◆ Task directions: From the records that follow, return exactly the lines beginning at the one that contains "- ink cartridge box (293,264,473,479)" and ending at the one that contains "- plant saucer [334,327,509,453]", pictures left out.

[Collection entries]
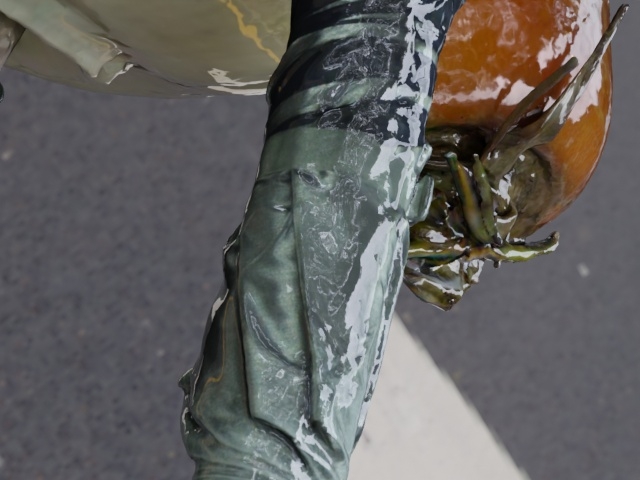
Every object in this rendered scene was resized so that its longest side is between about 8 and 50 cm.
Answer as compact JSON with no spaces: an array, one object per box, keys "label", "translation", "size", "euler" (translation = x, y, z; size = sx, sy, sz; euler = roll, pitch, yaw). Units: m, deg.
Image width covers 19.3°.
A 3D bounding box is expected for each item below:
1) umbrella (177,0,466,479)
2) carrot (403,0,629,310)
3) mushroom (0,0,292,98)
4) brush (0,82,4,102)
[{"label":"umbrella","translation":[0.000,0.000,0.441],"size":[0.046,0.050,0.188],"euler":[20,64,-18]},{"label":"carrot","translation":[0.082,-0.100,1.123],"size":[0.193,0.214,0.331],"euler":[62,30,-54]},{"label":"mushroom","translation":[-0.132,-0.148,0.597],"size":[0.315,0.356,0.315],"euler":[55,24,-40]},{"label":"brush","translation":[-0.182,-0.085,0.940],"size":[0.024,0.008,0.083],"euler":[-24,39,-26]}]
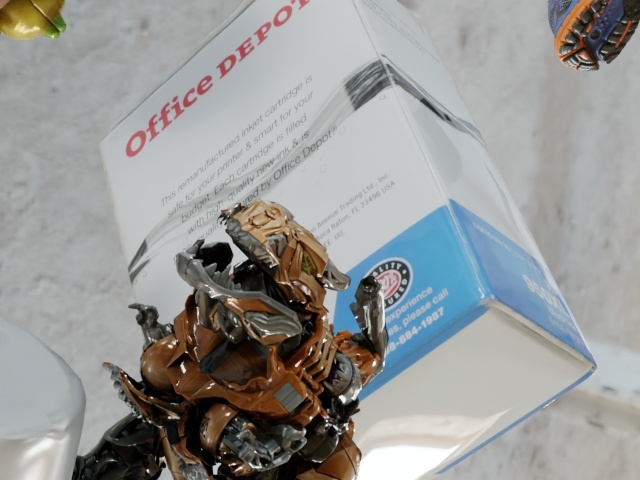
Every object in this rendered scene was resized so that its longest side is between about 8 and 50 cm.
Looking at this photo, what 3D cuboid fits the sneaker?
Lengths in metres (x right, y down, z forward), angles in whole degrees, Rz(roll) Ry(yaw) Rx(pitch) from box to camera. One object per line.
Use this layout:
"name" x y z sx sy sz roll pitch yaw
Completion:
"sneaker" 0.272 -0.262 1.149 0.083 0.087 0.221 20 120 -33

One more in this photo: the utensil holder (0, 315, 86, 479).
"utensil holder" -0.264 0.187 0.367 0.327 0.327 0.385 14 93 -57

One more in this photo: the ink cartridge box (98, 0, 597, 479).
"ink cartridge box" 0.000 0.000 1.033 0.285 0.395 0.166 -38 139 22

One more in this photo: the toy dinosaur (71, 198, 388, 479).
"toy dinosaur" -0.046 0.126 0.688 0.218 0.164 0.322 -29 121 -22

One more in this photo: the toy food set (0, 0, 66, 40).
"toy food set" -0.205 -0.143 0.737 0.128 0.071 0.218 -46 170 9
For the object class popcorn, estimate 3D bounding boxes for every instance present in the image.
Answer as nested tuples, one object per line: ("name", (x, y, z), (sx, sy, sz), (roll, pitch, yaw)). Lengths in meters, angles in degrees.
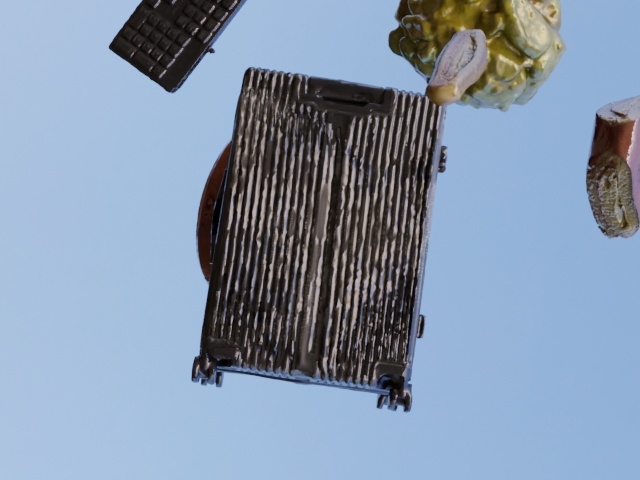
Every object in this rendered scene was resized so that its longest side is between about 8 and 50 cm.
("popcorn", (0.220, -0.301, 1.375), (0.249, 0.249, 0.225), (48, -58, 42))

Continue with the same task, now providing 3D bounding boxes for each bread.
("bread", (0.365, -0.108, 1.233), (0.067, 0.119, 0.192), (7, -102, 31))

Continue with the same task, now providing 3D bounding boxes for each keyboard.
("keyboard", (-0.092, -0.296, 1.047), (0.101, 0.018, 0.310), (37, -92, 15))

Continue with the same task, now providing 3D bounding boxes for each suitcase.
("suitcase", (0.000, 0.000, 1.067), (0.152, 0.229, 0.335), (108, -10, -81))

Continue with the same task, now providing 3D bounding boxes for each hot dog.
("hot dog", (0.128, -0.158, 0.923), (0.044, 0.137, 0.028), (-1, -59, 19))

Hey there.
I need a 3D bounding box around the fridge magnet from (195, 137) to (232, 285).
("fridge magnet", (-0.065, -0.034, 1.516), (0.155, 0.363, 0.364), (17, -84, 22))
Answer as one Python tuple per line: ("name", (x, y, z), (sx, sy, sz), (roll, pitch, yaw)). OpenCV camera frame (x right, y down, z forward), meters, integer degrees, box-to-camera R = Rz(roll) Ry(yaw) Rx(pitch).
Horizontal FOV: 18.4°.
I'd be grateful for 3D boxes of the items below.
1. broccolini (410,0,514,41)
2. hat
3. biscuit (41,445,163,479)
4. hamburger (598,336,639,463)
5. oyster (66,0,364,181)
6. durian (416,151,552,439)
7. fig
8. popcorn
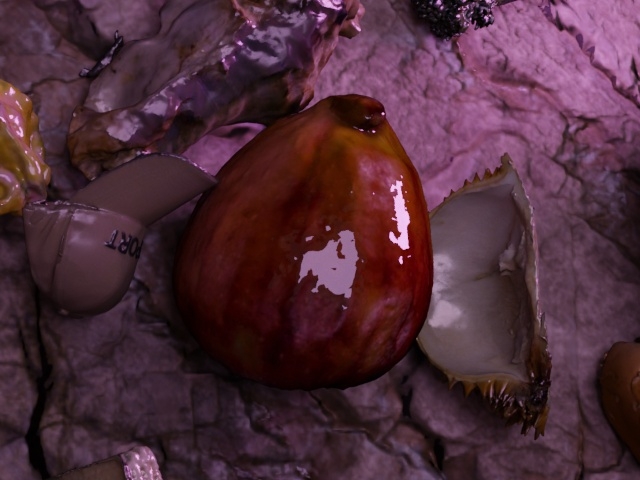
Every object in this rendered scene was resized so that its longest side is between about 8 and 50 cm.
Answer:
("broccolini", (0.172, -0.267, 1.928), (0.202, 0.068, 0.091), (-34, 71, -26))
("hat", (-0.160, -0.004, 1.647), (0.175, 0.147, 0.085), (-26, 73, 14))
("biscuit", (-0.154, 0.301, 1.599), (0.052, 0.150, 0.252), (-9, 77, -47))
("hamburger", (0.398, 0.187, 1.843), (0.155, 0.282, 0.245), (-41, 135, -18))
("oyster", (-0.095, -0.175, 1.753), (0.337, 0.133, 0.198), (-38, 113, -14))
("durian", (0.156, 0.055, 1.795), (0.144, 0.139, 0.252), (5, 75, -16))
("fig", (-0.005, 0.011, 1.707), (0.224, 0.224, 0.263), (27, 64, -13))
("popcorn", (-0.295, -0.072, 1.659), (0.145, 0.126, 0.126), (-31, 115, -46))
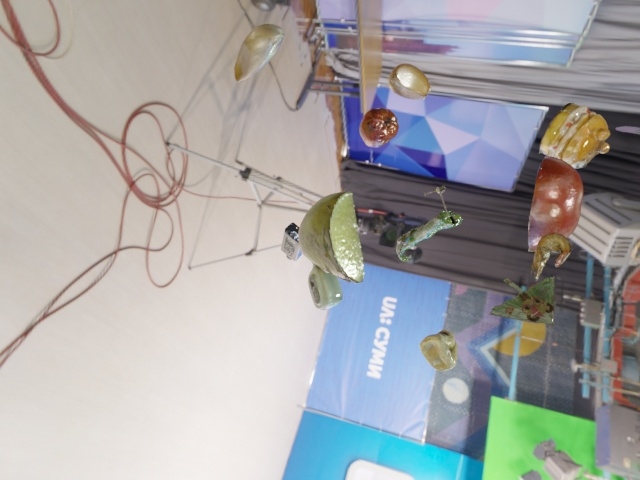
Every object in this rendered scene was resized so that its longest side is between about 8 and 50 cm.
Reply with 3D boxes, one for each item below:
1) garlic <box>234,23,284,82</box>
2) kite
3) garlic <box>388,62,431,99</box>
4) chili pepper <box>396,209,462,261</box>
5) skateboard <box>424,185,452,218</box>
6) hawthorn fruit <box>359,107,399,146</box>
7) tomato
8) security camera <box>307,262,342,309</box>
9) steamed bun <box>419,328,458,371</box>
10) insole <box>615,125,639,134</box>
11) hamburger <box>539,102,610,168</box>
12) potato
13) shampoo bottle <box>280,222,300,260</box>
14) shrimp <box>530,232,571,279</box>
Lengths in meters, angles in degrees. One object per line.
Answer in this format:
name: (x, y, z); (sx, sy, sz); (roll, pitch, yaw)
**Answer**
garlic: (-0.225, -0.675, 1.578); (0.318, 0.112, 0.143); (-24, -128, 57)
kite: (0.833, 0.243, 1.779); (0.267, 0.323, 0.013); (59, -7, 44)
garlic: (0.332, -0.631, 1.766); (0.207, 0.115, 0.128); (7, 72, -36)
chili pepper: (0.339, -0.016, 1.474); (0.359, 0.085, 0.076); (129, -38, -65)
skateboard: (0.311, -0.096, 1.171); (0.032, 0.064, 0.083); (-22, 92, -35)
hawthorn fruit: (0.245, -0.488, 1.910); (0.179, 0.173, 0.173); (-104, -158, -76)
tomato: (0.819, -0.125, 1.530); (0.338, 0.144, 0.338); (-29, 124, -54)
security camera: (-0.007, 0.095, 1.576); (0.157, 0.080, 0.301); (-45, -124, 59)
steamed bun: (0.550, 0.476, 1.997); (0.155, 0.141, 0.172); (-32, 94, -43)
insole: (0.830, -0.288, 1.166); (0.152, 0.053, 0.002); (-94, 174, -69)
hamburger: (1.161, -0.457, 2.002); (0.276, 0.237, 0.276); (-31, 144, -26)
potato: (0.000, 0.000, 1.351); (0.112, 0.255, 0.269); (-8, 92, -35)
shampoo bottle: (-0.125, 0.024, 2.002); (0.071, 0.098, 0.309); (-49, 173, -23)
shrimp: (0.688, 0.052, 1.326); (0.045, 0.095, 0.162); (44, 66, -53)
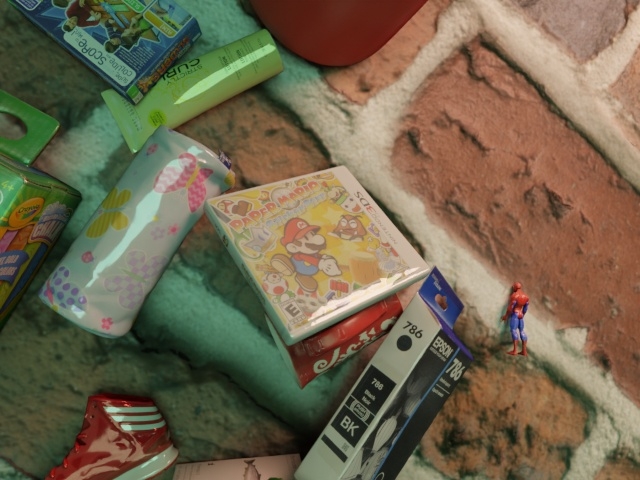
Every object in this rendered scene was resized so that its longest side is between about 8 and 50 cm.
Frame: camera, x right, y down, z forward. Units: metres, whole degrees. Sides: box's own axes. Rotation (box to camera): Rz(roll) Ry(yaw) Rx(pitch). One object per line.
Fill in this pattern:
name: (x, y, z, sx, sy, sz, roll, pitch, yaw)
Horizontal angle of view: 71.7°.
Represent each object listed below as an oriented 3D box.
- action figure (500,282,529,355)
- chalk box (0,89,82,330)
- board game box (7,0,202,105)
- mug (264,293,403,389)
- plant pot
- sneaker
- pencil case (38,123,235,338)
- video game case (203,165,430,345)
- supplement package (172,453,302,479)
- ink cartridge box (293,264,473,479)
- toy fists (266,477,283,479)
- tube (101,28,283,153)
action figure: (0.317, 0.126, 0.716, 0.038, 0.030, 0.115, 8, 84, -17)
chalk box: (-0.413, -0.036, 0.493, 0.180, 0.179, 0.288, 29, 85, -10)
board game box: (-0.277, -0.290, 0.574, 0.201, 0.035, 0.136, 40, 82, 3)
mug: (0.029, 0.121, 0.604, 0.169, 0.150, 0.113, -25, 115, -15)
plant pot: (0.058, -0.382, 0.530, 0.275, 0.243, 0.274, -2, 95, -24)
sneaker: (-0.311, 0.275, 0.574, 0.221, 0.087, 0.128, -19, 85, -23)
pencil case: (-0.225, -0.013, 0.566, 0.114, 0.124, 0.273, 30, 81, 30)
video game case: (0.000, 0.000, 0.564, 0.227, 0.026, 0.206, -20, 62, -33)
supplement package: (-0.109, 0.366, 0.591, 0.179, 0.105, 0.105, 0, 91, -12)
ink cartridge box: (0.116, 0.211, 0.617, 0.332, 0.065, 0.165, -56, 137, -7)
toy fists: (-0.090, 0.406, 0.493, 0.279, 0.096, 0.142, -42, 106, -3)
tube: (-0.169, -0.210, 0.606, 0.240, 0.070, 0.062, -26, 140, -4)
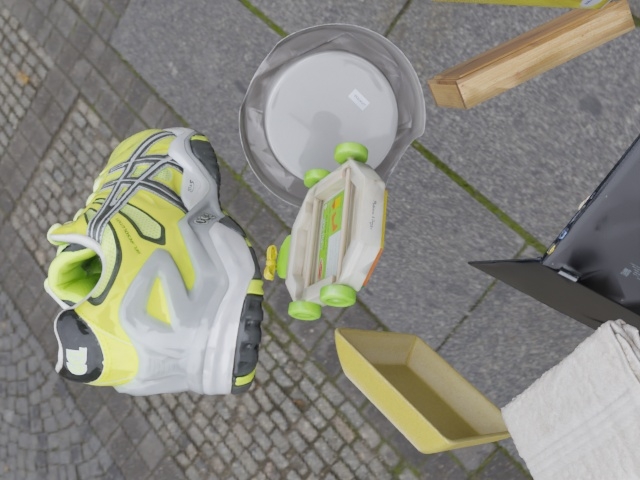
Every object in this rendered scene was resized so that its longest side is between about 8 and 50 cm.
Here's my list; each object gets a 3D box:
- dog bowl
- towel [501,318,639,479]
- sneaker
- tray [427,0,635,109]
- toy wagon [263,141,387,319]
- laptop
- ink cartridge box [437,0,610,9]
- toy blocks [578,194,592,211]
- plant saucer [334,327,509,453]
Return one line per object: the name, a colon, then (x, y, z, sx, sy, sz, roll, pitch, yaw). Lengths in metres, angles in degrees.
dog bowl: (0.019, -0.232, 1.367, 0.349, 0.348, 0.102, -60, 16, 13)
towel: (0.363, 0.249, 0.975, 0.282, 0.049, 0.187, -58, 43, 46)
sneaker: (-0.164, -0.011, 0.635, 0.385, 0.147, 0.145, -130, 45, -58)
tray: (0.463, -0.419, 1.628, 0.411, 0.203, 0.076, -27, 105, -3)
toy wagon: (0.000, 0.000, 1.236, 0.344, 0.068, 0.267, -32, 47, 58)
laptop: (0.509, 0.022, 1.113, 0.382, 0.236, 0.408, 26, 117, -10)
ink cartridge box: (0.211, -0.331, 0.761, 0.307, 0.303, 0.072, -1, 88, -2)
toy blocks: (0.588, -0.064, 1.424, 0.123, 0.148, 0.054, 15, 82, 7)
plant saucer: (0.206, 0.317, 1.486, 0.333, 0.333, 0.081, 43, 108, 35)
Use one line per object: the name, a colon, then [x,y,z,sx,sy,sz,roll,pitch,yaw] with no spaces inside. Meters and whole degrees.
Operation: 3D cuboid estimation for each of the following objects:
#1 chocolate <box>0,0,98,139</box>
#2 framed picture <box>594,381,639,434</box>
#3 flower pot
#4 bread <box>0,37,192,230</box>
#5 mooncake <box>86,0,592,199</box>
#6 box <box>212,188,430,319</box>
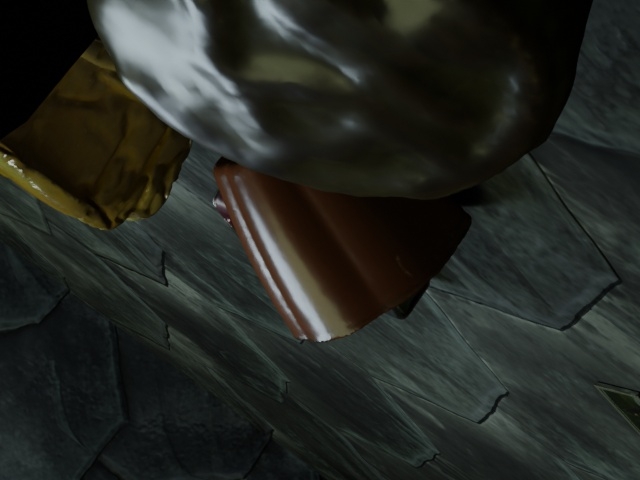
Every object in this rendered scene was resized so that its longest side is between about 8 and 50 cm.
chocolate: [-0.388,-0.246,1.339,0.331,0.384,0.383,47,166,6]
framed picture: [0.317,0.173,1.595,0.089,0.006,0.066,45,163,-27]
flower pot: [0.008,-0.032,1.390,0.173,0.190,0.190,55,160,-17]
bread: [-0.255,-0.124,1.639,0.250,0.179,0.133,29,-173,-38]
mooncake: [0.010,-0.145,0.909,0.284,0.155,0.284,13,150,8]
box: [0.000,0.000,1.673,0.224,0.069,0.120,22,158,42]
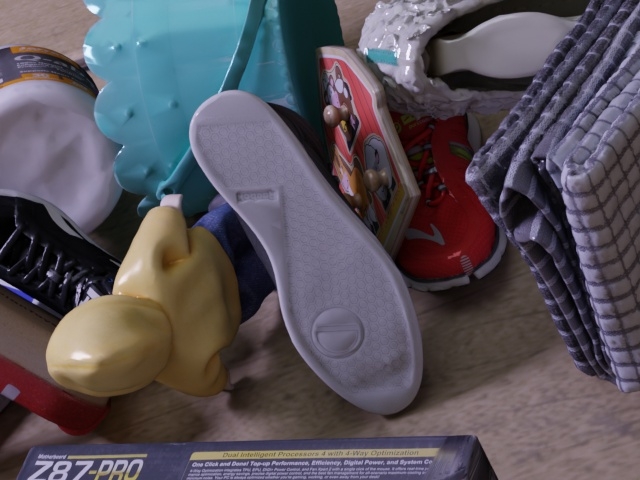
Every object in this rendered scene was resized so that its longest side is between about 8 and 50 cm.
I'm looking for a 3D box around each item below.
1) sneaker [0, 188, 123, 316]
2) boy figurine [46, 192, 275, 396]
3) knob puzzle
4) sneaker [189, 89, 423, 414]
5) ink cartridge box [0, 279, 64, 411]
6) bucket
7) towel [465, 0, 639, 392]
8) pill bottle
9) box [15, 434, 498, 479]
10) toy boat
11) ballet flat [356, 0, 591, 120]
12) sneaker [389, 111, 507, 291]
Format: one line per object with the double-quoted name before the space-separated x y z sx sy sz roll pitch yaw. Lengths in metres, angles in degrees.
"sneaker" -0.220 0.028 1.562 0.079 0.217 0.121 -59 22 5
"boy figurine" -0.117 0.058 1.509 0.092 0.177 0.285 -5 23 34
"knob puzzle" 0.024 -0.080 1.536 0.030 0.213 0.213 -15 37 -15
"sneaker" 0.000 0.000 1.488 0.104 0.295 0.147 -31 6 10
"ink cartridge box" -0.375 0.134 1.659 0.176 0.069 0.371 14 51 38
"bucket" -0.088 -0.163 1.679 0.183 0.281 0.281 -9 42 14
"towel" 0.248 -0.053 1.391 0.121 0.235 0.283 10 50 40
"pill bottle" -0.285 -0.103 1.757 0.162 0.162 0.278 -30 22 -4
"box" -0.088 0.291 1.305 0.395 0.097 0.318 -5 46 25
"toy boat" -0.299 0.117 1.542 0.151 0.231 0.151 -59 8 2
"ballet flat" 0.236 -0.169 1.523 0.409 0.147 0.147 -11 38 -11
"sneaker" 0.089 -0.066 1.582 0.107 0.118 0.279 -20 40 9

◆ Output for this task:
- ink cartridge box (293,264,473,479)
- toy fists (266,477,283,479)
- tube (101,28,283,153)
action figure: (0.317, 0.126, 0.716, 0.038, 0.030, 0.115, 8, 84, -17)
chalk box: (-0.413, -0.036, 0.493, 0.180, 0.179, 0.288, 29, 85, -10)
board game box: (-0.277, -0.290, 0.574, 0.201, 0.035, 0.136, 40, 82, 3)
mug: (0.029, 0.121, 0.604, 0.169, 0.150, 0.113, -25, 115, -15)
plant pot: (0.058, -0.382, 0.530, 0.275, 0.243, 0.274, -2, 95, -24)
sneaker: (-0.311, 0.275, 0.574, 0.221, 0.087, 0.128, -19, 85, -23)
pencil case: (-0.225, -0.013, 0.566, 0.114, 0.124, 0.273, 30, 81, 30)
video game case: (0.000, 0.000, 0.564, 0.227, 0.026, 0.206, -20, 62, -33)
supplement package: (-0.109, 0.366, 0.591, 0.179, 0.105, 0.105, 0, 91, -12)
ink cartridge box: (0.116, 0.211, 0.617, 0.332, 0.065, 0.165, -56, 137, -7)
toy fists: (-0.090, 0.406, 0.493, 0.279, 0.096, 0.142, -42, 106, -3)
tube: (-0.169, -0.210, 0.606, 0.240, 0.070, 0.062, -26, 140, -4)
Every object in this rendered scene was resized so that its longest side is between about 8 and 50 cm.
Here's my list; each object gets a 3D box:
- dog bowl
- towel [501,318,639,479]
- sneaker
- tray [427,0,635,109]
- toy wagon [263,141,387,319]
- laptop
- ink cartridge box [437,0,610,9]
- toy blocks [578,194,592,211]
- plant saucer [334,327,509,453]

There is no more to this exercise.